_DATA RECORDS_.
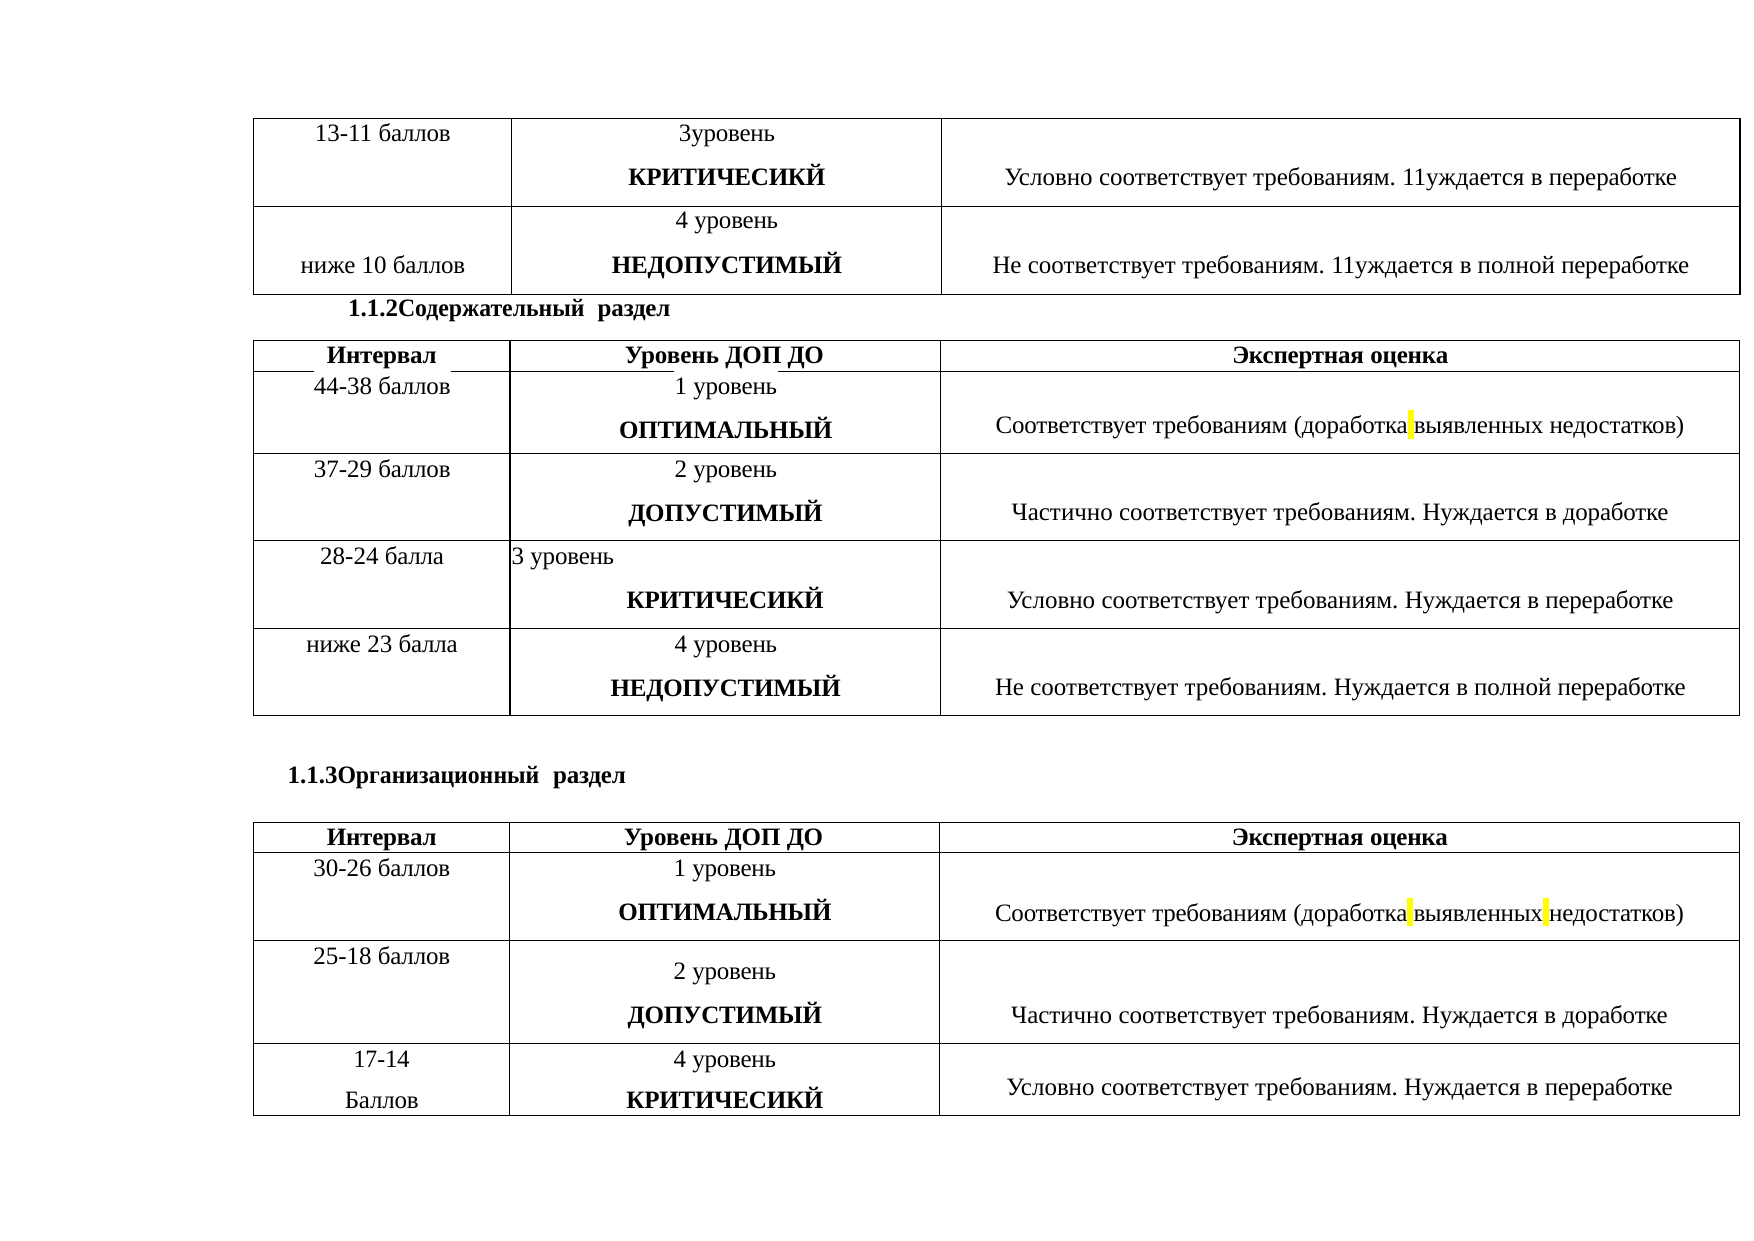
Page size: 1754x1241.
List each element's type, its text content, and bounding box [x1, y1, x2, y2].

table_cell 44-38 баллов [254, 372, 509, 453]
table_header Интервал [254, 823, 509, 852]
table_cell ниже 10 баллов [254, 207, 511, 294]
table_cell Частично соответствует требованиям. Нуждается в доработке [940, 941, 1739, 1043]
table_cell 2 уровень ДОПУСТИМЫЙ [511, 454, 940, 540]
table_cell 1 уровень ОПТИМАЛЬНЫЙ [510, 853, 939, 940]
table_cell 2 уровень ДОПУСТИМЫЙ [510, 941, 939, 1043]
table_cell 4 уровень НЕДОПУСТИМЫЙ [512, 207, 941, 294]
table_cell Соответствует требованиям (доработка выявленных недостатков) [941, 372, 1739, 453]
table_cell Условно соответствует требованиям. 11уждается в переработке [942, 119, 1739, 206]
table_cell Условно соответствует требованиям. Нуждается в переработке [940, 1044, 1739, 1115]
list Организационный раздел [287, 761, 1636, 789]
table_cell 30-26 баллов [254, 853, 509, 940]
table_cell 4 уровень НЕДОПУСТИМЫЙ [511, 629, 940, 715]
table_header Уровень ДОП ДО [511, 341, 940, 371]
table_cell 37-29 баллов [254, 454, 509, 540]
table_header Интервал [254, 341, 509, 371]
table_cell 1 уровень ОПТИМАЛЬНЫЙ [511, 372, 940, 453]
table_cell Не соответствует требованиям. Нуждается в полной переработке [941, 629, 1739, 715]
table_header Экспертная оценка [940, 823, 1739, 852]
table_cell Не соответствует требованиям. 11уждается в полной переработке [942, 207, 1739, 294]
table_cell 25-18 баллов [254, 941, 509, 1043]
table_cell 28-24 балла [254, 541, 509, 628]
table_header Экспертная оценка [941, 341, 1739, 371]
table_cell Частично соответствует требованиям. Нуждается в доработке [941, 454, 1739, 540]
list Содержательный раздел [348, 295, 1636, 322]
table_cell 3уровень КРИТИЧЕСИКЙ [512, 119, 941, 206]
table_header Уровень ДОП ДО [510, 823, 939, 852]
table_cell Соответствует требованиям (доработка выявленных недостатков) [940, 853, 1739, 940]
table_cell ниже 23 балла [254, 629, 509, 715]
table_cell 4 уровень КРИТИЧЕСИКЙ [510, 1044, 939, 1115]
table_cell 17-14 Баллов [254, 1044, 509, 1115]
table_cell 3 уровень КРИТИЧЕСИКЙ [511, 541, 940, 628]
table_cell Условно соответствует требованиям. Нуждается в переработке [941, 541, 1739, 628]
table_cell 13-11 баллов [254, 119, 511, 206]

_WHAT IS REQUIRED_. All of the records need repeating exactly, except for the pictures.

_OUTPUT_.
Page size: 1754x1241.
List each element's type, its text content, and bounding box [x1, y1, x2, y2].

table_cell 44-38 баллов [254, 372, 509, 453]
table_header Интервал [254, 823, 509, 852]
table_cell ниже 10 баллов [254, 207, 511, 294]
table_cell Частично соответствует требованиям. Нуждается в доработке [940, 941, 1739, 1043]
table_cell 2 уровень ДОПУСТИМЫЙ [511, 454, 940, 540]
table_cell 1 уровень ОПТИМАЛЬНЫЙ [510, 853, 939, 940]
table_cell 2 уровень ДОПУСТИМЫЙ [510, 941, 939, 1043]
table_cell 4 уровень НЕДОПУСТИМЫЙ [512, 207, 941, 294]
table_cell Соответствует требованиям (доработка выявленных недостатков) [941, 372, 1739, 453]
table_cell Условно соответствует требованиям. 11уждается в переработке [942, 119, 1739, 206]
table_cell Условно соответствует требованиям. Нуждается в переработке [940, 1044, 1739, 1115]
list Организационный раздел [287, 761, 1636, 789]
table_cell 30-26 баллов [254, 853, 509, 940]
table_cell 4 уровень НЕДОПУСТИМЫЙ [511, 629, 940, 715]
table_header Уровень ДОП ДО [511, 341, 940, 371]
table_cell 37-29 баллов [254, 454, 509, 540]
table_header Интервал [254, 341, 509, 371]
table_cell 1 уровень ОПТИМАЛЬНЫЙ [511, 372, 940, 453]
table_cell Не соответствует требованиям. Нуждается в полной переработке [941, 629, 1739, 715]
table_header Экспертная оценка [940, 823, 1739, 852]
table_cell Не соответствует требованиям. 11уждается в полной переработке [942, 207, 1739, 294]
table_cell 25-18 баллов [254, 941, 509, 1043]
table_cell 28-24 балла [254, 541, 509, 628]
table_header Экспертная оценка [941, 341, 1739, 371]
table_cell Частично соответствует требованиям. Нуждается в доработке [941, 454, 1739, 540]
list Содержательный раздел [348, 295, 1636, 322]
table_cell 3уровень КРИТИЧЕСИКЙ [512, 119, 941, 206]
table_header Уровень ДОП ДО [510, 823, 939, 852]
table_cell Соответствует требованиям (доработка выявленных недостатков) [940, 853, 1739, 940]
table_cell ниже 23 балла [254, 629, 509, 715]
table_cell 4 уровень КРИТИЧЕСИКЙ [510, 1044, 939, 1115]
table_cell 17-14 Баллов [254, 1044, 509, 1115]
table_cell 3 уровень КРИТИЧЕСИКЙ [511, 541, 940, 628]
table_cell Условно соответствует требованиям. Нуждается в переработке [941, 541, 1739, 628]
table_cell 13-11 баллов [254, 119, 511, 206]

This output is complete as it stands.